To some degree we follow the logic here: https://nbviewer.org/github/CamDavidsonPilon/Probabilistic-Programming-and-Bayesian-Methods-for-Hackers/blob/master/Chapter4_TheGreatestTheoremNeverTold/Ch4_LawOfLargeNumbers_PyMC2.ipynb

However this is a problem I've encountered often before. People try to sort or rank or order things based on some score, when that score is created from different samples sizes for different entities, leading to "pathological ordering" as described in the notebook. I'll add my own extension on how to consider sorting these cases rationally.

In [2]:
import numpy as np

### generate scores


suppose we have k products, each with n_i reviews ranging from 1 to 5 stars. source the reviews from different multinomial distributions with randomly set params. we can use a dirichlet distribution (stick-breaking) to generate valid values for these 5-outcome probabilities. 

Dirichlet distributions are very cool!

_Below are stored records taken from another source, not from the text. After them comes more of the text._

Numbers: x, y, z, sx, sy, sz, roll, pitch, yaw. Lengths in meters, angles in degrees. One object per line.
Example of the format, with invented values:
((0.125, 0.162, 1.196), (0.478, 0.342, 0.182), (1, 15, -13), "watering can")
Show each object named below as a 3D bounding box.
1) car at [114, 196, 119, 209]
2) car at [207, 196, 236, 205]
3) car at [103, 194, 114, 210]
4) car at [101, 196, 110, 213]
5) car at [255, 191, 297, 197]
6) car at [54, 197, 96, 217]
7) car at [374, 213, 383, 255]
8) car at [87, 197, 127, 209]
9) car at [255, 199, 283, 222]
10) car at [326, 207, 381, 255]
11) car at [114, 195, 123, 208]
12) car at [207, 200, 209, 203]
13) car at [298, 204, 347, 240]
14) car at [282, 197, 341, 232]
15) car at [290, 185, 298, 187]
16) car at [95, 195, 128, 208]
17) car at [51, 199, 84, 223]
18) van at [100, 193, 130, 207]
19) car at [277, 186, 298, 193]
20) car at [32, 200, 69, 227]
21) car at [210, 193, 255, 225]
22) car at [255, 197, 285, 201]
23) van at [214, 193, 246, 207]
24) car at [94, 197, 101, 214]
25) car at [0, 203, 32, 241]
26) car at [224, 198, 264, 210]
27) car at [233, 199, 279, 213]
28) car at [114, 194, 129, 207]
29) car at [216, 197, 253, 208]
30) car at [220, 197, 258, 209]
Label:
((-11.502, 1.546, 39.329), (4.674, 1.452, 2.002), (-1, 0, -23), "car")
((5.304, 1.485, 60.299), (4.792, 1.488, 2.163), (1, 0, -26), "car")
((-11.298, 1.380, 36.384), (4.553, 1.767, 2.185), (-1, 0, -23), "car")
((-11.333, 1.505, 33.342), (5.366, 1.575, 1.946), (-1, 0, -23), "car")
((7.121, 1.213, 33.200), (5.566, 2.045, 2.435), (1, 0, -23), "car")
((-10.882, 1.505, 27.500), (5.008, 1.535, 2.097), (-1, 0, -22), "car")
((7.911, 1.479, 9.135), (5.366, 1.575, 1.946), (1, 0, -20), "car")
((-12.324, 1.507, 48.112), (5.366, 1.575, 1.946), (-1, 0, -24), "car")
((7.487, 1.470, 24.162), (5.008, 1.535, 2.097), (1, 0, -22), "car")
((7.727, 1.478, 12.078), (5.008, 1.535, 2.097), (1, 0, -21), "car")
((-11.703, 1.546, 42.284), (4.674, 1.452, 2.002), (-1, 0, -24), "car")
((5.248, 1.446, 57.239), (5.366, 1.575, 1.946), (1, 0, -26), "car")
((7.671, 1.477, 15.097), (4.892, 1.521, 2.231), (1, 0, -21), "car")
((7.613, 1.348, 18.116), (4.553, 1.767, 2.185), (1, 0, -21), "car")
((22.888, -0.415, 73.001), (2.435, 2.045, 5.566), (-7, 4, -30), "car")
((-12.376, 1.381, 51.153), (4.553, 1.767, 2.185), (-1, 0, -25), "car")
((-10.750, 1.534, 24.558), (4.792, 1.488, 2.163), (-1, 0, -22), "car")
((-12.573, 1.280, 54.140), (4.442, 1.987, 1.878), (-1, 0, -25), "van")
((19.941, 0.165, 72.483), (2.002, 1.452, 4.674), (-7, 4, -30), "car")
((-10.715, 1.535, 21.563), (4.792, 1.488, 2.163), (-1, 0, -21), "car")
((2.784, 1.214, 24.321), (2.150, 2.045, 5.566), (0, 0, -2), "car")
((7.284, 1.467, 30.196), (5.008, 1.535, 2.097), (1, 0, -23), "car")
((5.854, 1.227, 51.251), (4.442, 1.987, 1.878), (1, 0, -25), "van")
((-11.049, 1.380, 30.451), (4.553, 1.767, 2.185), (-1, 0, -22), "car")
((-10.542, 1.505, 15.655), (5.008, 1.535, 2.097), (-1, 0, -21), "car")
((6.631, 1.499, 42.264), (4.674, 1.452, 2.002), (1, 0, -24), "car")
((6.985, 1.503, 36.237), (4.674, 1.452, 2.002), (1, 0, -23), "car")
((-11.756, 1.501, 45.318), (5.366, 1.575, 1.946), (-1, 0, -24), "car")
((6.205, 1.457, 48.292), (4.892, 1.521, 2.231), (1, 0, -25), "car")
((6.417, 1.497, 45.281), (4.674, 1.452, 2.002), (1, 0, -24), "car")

More on understanding how their params work: https://builtin.com/data-science/dirichlet-distribution

In [27]:
test_dirichlets = np.random.dirichlet(alpha=[3,3,6,6,4], size=3)
test_dirichlets

array([[0.11106197, 0.1860041 , 0.29004338, 0.16202759, 0.25086297],
       [0.10797905, 0.07232049, 0.45295255, 0.16084241, 0.2059055 ],
       [0.07259105, 0.07268462, 0.22065449, 0.48427044, 0.14979939]])

In [43]:
np.random.multinomial(n_reviews[0], true_product_distributions[0])

array([ 6,  5, 28, 22,  4])

In [44]:
true_product_distributions[0]

array([0.06694398, 0.08143229, 0.43420093, 0.30442076, 0.11300205])

In [54]:
k = 42
n_reviews = np.random.randint(low = 1, high=100, size=k)
true_product_distributions = np.random.dirichlet(alpha=[3,3,6,6,4], size=k)

reviews_arraylist = []
for i in range(0, k):
    reviews_by_stars = np.random.multinomial(n_reviews[i], true_product_distributions[i])
    reviews_arraylist.append(reviews_by_stars)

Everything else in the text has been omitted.